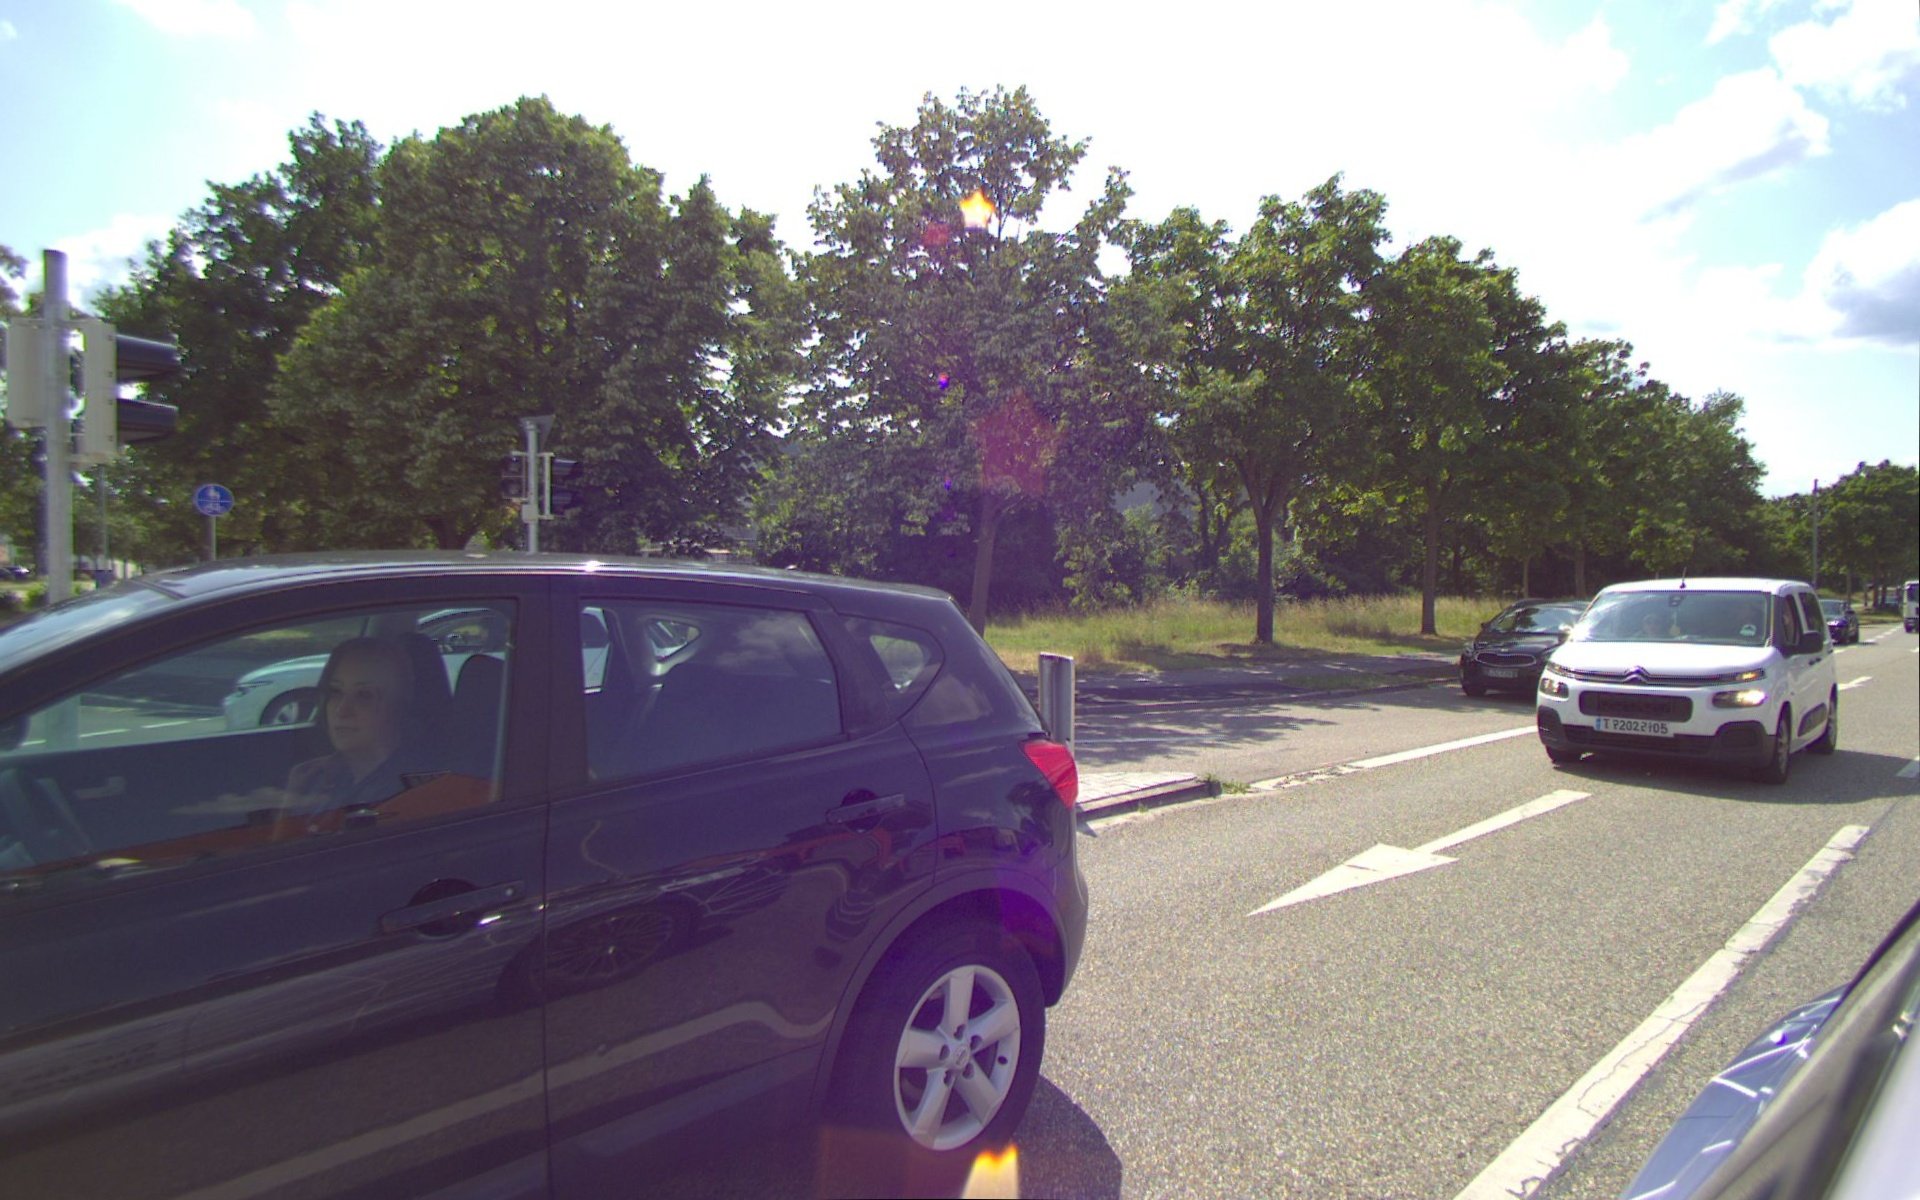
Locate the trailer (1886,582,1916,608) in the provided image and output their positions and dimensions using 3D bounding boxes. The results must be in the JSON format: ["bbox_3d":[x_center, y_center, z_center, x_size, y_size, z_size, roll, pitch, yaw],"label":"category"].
[{"bbox_3d":[87.990,-0.505,94.615,1.953,2.380,4.533,2,3,44],"label":"trailer"}]

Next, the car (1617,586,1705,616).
[{"bbox_3d":[42.716,0.047,61.706,4.161,1.511,1.757,5,2,41],"label":"car"}]

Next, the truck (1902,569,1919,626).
[{"bbox_3d":[48.966,-0.222,49.897,7.224,2.697,2.845,-2,0,-41],"label":"truck"}]

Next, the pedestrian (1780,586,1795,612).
[{"bbox_3d":[58.158,-0.085,71.126,0.728,1.816,0.717,-1,-1,-45],"label":"pedestrian"}]

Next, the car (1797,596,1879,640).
[{"bbox_3d":[33.077,0.662,38.100,3.930,1.509,1.757,-2,0,-41],"label":"car"}]

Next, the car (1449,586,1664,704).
[{"bbox_3d":[9.937,0.649,16.743,4.164,1.670,1.768,-2,0,-41],"label":"car"}]

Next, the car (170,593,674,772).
[{"bbox_3d":[-4.911,0.701,9.841,4.007,1.505,1.741,0,0,-12],"label":"car"}]

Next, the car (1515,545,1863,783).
[{"bbox_3d":[7.347,0.499,9.989,4.637,1.808,1.932,0,-1,-44],"label":"car"}]

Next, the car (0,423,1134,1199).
[{"bbox_3d":[-1.564,0.562,2.252,3.933,1.572,1.801,-2,0,-43],"label":"car"}]

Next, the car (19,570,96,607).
[{"bbox_3d":[-32.314,-0.399,36.219,1.884,1.193,3.768,-1,0,-44],"label":"car"}]
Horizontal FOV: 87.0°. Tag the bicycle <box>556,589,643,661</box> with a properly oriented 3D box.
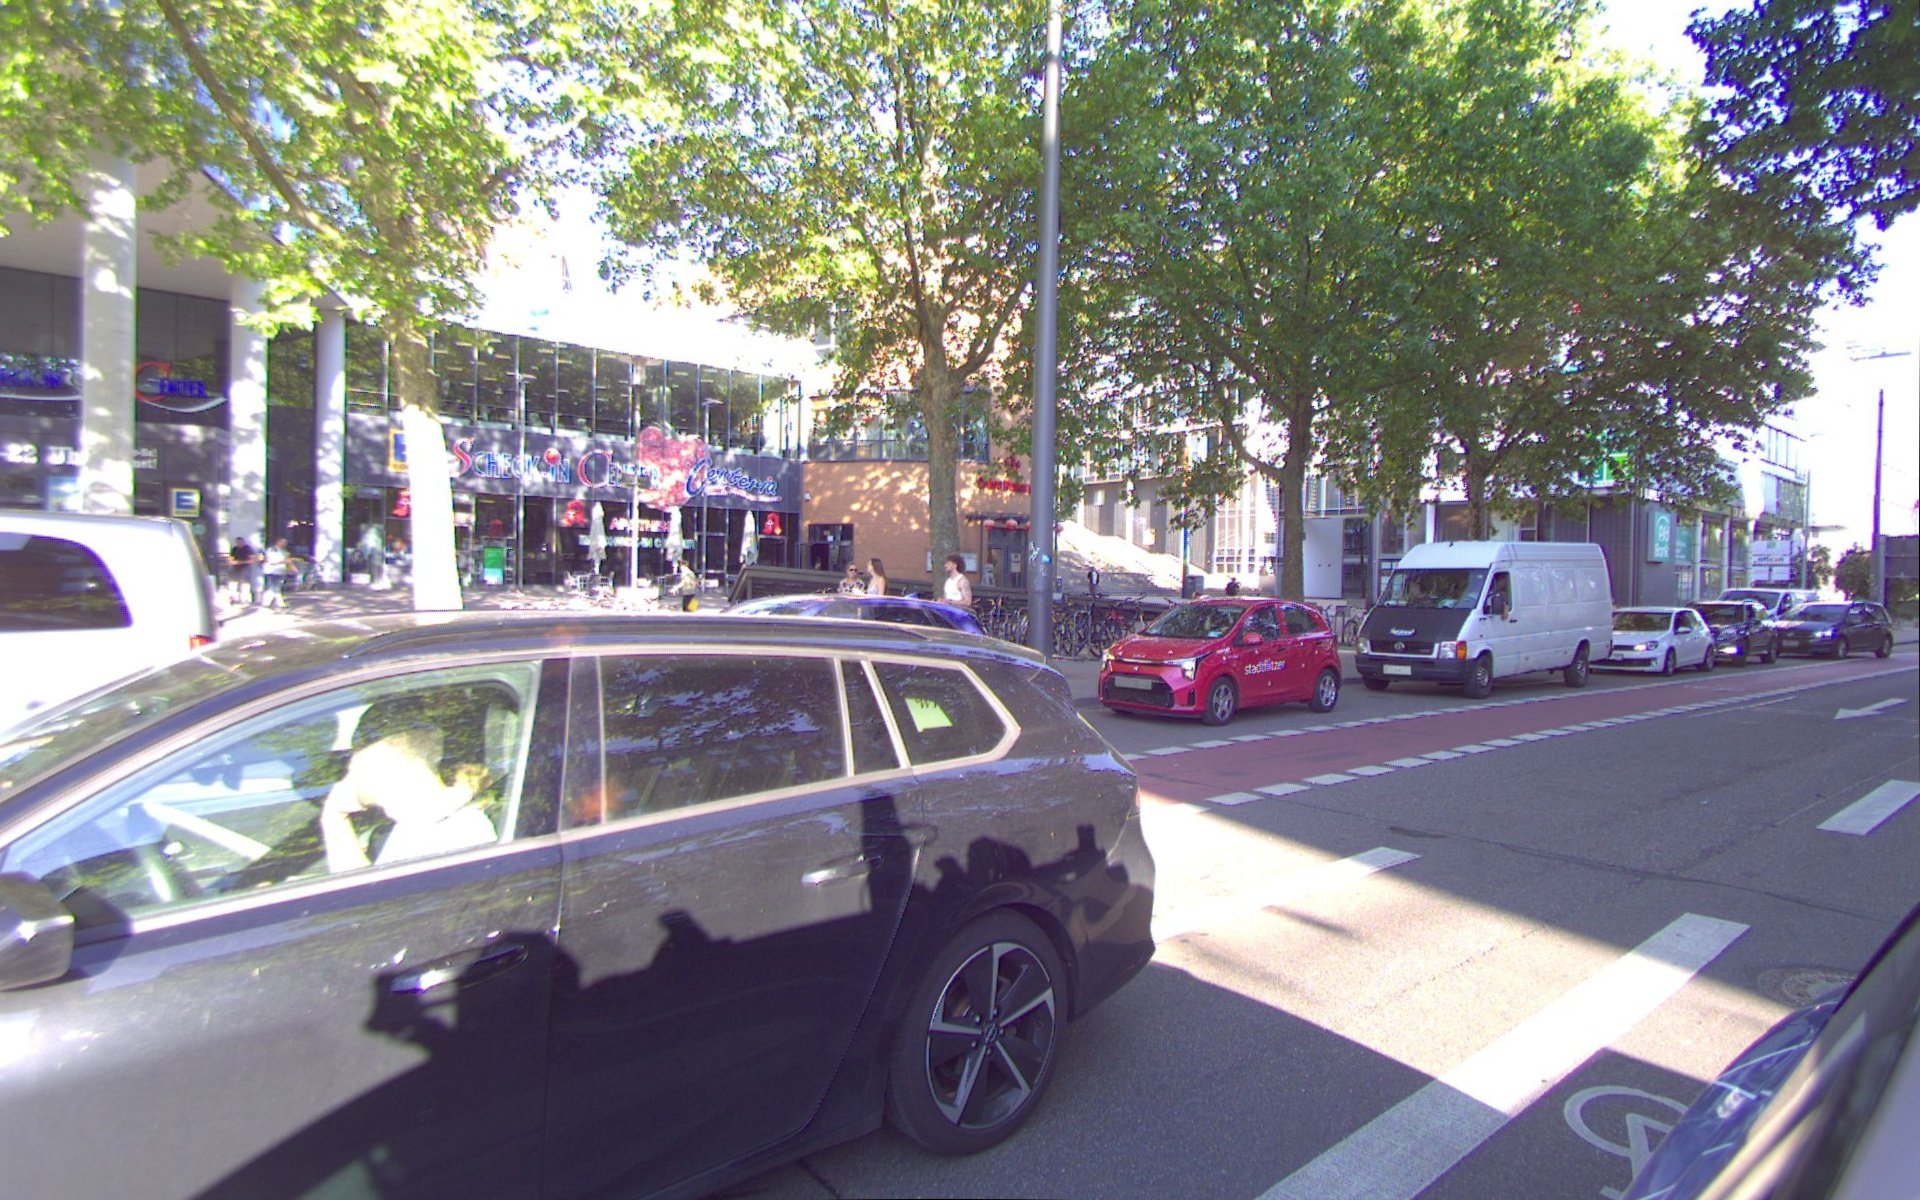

--*--

Try it =
Print the data exactly as written, dropping any images it holds.

Reply to the task =
Locate the trailer (1886,582,1916,608) in the provided image and output their positions and dimensions using 3D bounding boxes. The results must be in the JSON format: ["bbox_3d":[x_center, y_center, z_center, x_size, y_size, z_size, roll, pitch, yaw],"label":"category"].
[{"bbox_3d":[87.990,-0.505,94.615,1.953,2.380,4.533,2,3,44],"label":"trailer"}]

Next, the car (1617,586,1705,616).
[{"bbox_3d":[42.716,0.047,61.706,4.161,1.511,1.757,5,2,41],"label":"car"}]

Next, the truck (1902,569,1919,626).
[{"bbox_3d":[48.966,-0.222,49.897,7.224,2.697,2.845,-2,0,-41],"label":"truck"}]

Next, the pedestrian (1780,586,1795,612).
[{"bbox_3d":[58.158,-0.085,71.126,0.728,1.816,0.717,-1,-1,-45],"label":"pedestrian"}]

Next, the car (1797,596,1879,640).
[{"bbox_3d":[33.077,0.662,38.100,3.930,1.509,1.757,-2,0,-41],"label":"car"}]

Next, the car (1449,586,1664,704).
[{"bbox_3d":[9.937,0.649,16.743,4.164,1.670,1.768,-2,0,-41],"label":"car"}]

Next, the car (170,593,674,772).
[{"bbox_3d":[-4.911,0.701,9.841,4.007,1.505,1.741,0,0,-12],"label":"car"}]

Next, the car (1515,545,1863,783).
[{"bbox_3d":[7.347,0.499,9.989,4.637,1.808,1.932,0,-1,-44],"label":"car"}]

Next, the car (0,423,1134,1199).
[{"bbox_3d":[-1.564,0.562,2.252,3.933,1.572,1.801,-2,0,-43],"label":"car"}]

Next, the car (19,570,96,607).
[{"bbox_3d":[-32.314,-0.399,36.219,1.884,1.193,3.768,-1,0,-44],"label":"car"}]
Horizontal FOV: 87.0°. Tag the bicycle <box>556,589,643,661</box> with a properly oriented 3D box.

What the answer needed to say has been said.